Conto das terças-feiras - Um carro só meu
Gilberto Carvalho Pereira, Fortaleza, CE, 5 de setembro de 2017
Ano 1967, local, zona cacaueira do Sul da Bahia. Recém-chegado, morando em república com mais oito colegas de instituição ligada ao Ministério da Agricultura, responsável pela política cacaueira do Brasil, onde se pesquisava sobre solo, fisiologia vegetal, entomologia, fitopatologia, genética e outras áreas do conhecimento, sempre ligadas ao cacau e ao cacaueiro. Todos, ainda quase imberbes, o primeiro emprego, o bom salário e carro na garagem, despertavam os sentimentos casadoiros das jovens locais de olho nos novos imigrantes.
Com parte do primeiro salário paguei a entrada daquele que seria o meu primeiro carro. Um fusquinha verde abacate, ano 1963, motor 1200cc, seis volts, faróis com luminosidade mais fraca que as lanternas de mão de hoje. Corria um pouco mais depressa que uma tartaruga.
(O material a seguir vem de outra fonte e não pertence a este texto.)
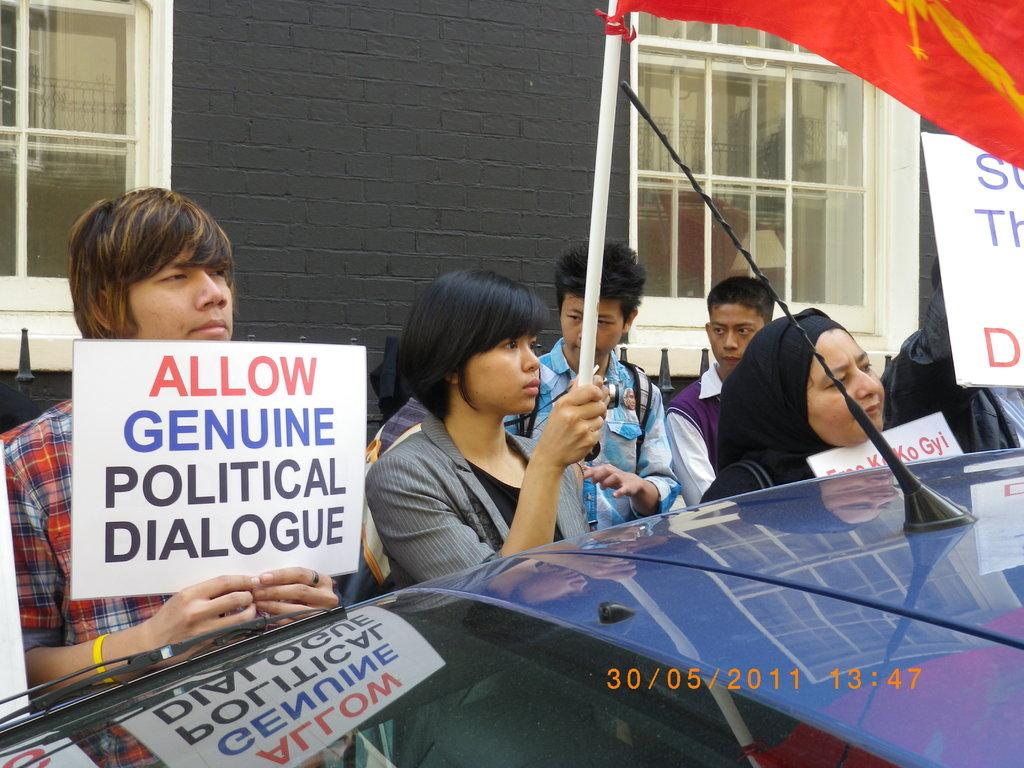Who are the subjects in the image? There are people in the image. What are the people in the image doing? The people are protesting. What are the protesters holding in the image? The protesters are holding posters and banners. What is blocking the path of the protesters in the image? There is a car in front of the protesters. Where are the firemen in the image? There are no firemen present in the image. How are the ants sorting the protestors in the image? There are no ants present in the image, and they cannot sort the protestors.

Não me lembro o quanto paguei por ele, que foi adquirido de um colega de república e o pagamento foi realizado em módicas prestações mensais sem juros – coisa de colega – durante três anos.
Naquela época, as cidades do interior da Bahia que não tinham carnaval realizavam suas micaretas, festa carnavalesca depois da quaresma. Era carnaval reinando pela redondeza até próximo aos festejos juninos. Período de brigas intensas entre namorados, as fugas para essas festas as deixavam furiosas. Certa vez, chegando à casa de minha namorada, encontrei-a mal-humorada. Perguntei o que se passava e ela me informou que soube que eu tivera ido à micareta da cidade vizinha. Até me viram por lá. Depois do desmentido – eu não fora, realmente – fizemos as pazes. O problema! Eu havia combinado com duas garotas para irmos aquela noite. A consciência doeu, rezei para que as meninas desistissem da festa.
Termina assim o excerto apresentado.